Start of RAW DATA
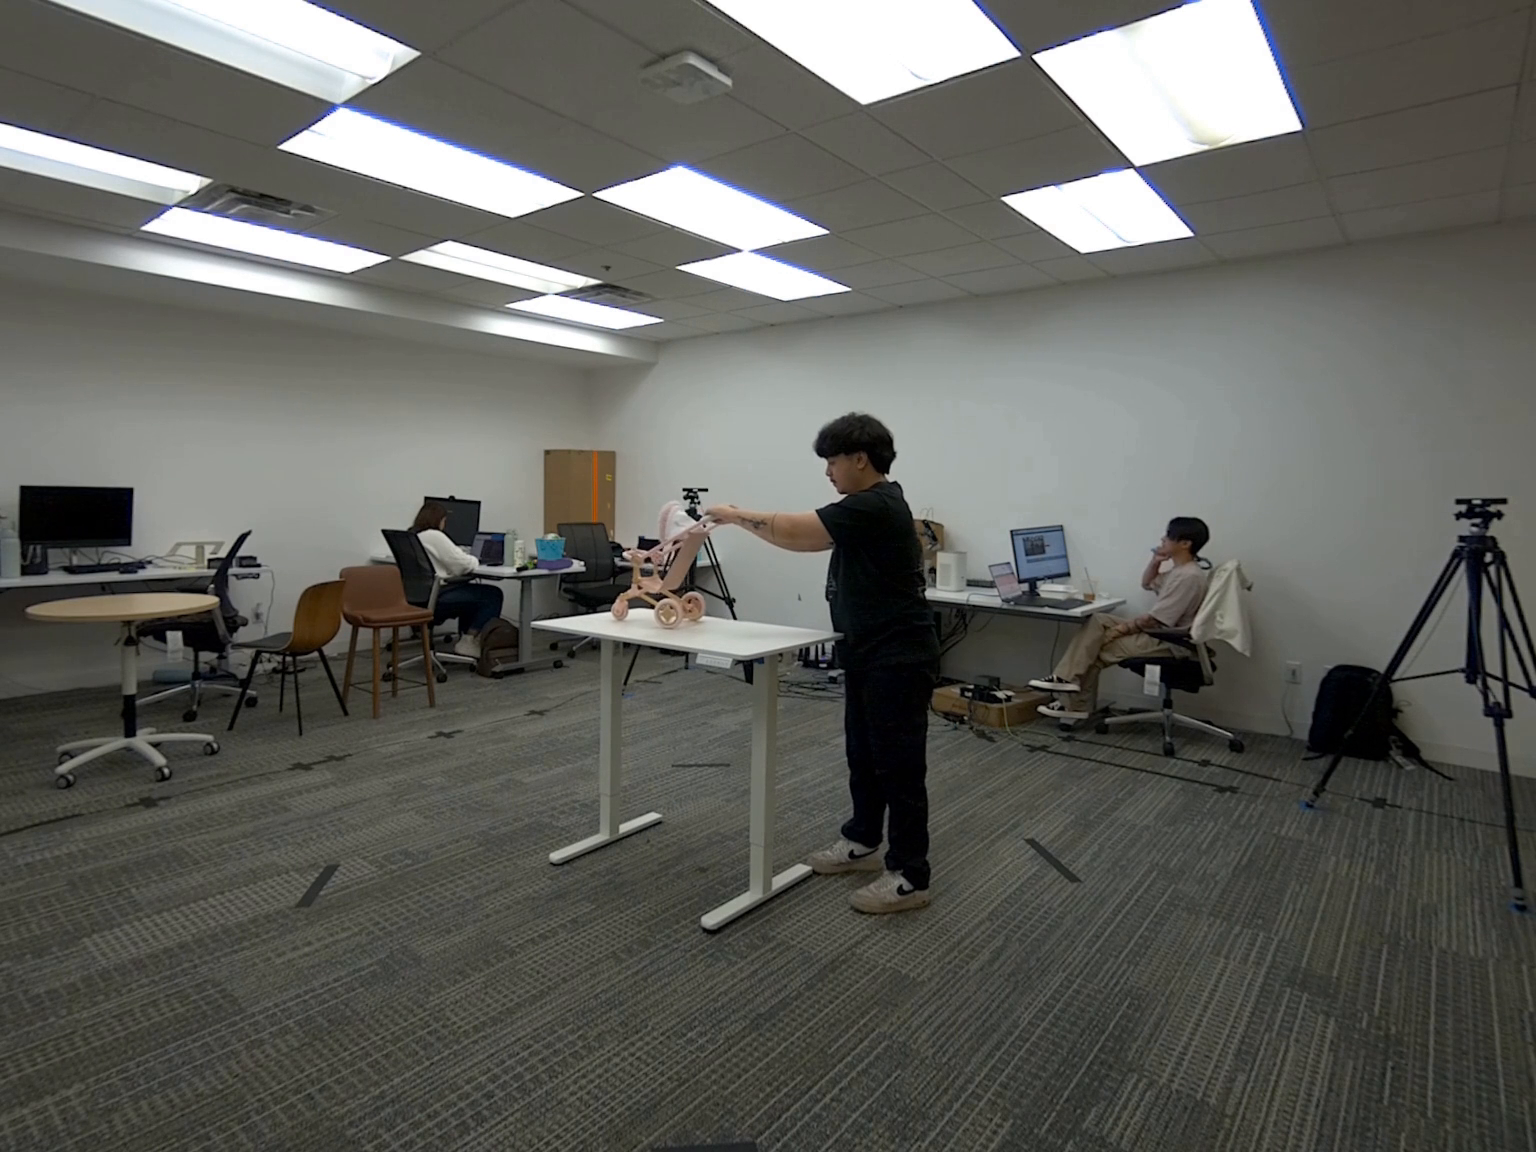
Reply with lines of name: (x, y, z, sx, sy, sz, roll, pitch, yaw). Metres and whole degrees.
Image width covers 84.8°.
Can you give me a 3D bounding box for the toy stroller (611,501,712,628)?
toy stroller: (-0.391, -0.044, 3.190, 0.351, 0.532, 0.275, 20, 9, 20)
End of RAW DATA
* [WORK ITEM]:
What is needed is an exact copy of the lines from the one containing "Image width covers 84.8°." through the final line of the data, both included, and nothing more.

* [PROBLEM SOLUTION]:
Image width covers 84.8°.
Can you give me a 3D bounding box for the toy stroller (611,501,712,628)?
toy stroller: (-0.391, -0.044, 3.190, 0.351, 0.532, 0.275, 20, 9, 20)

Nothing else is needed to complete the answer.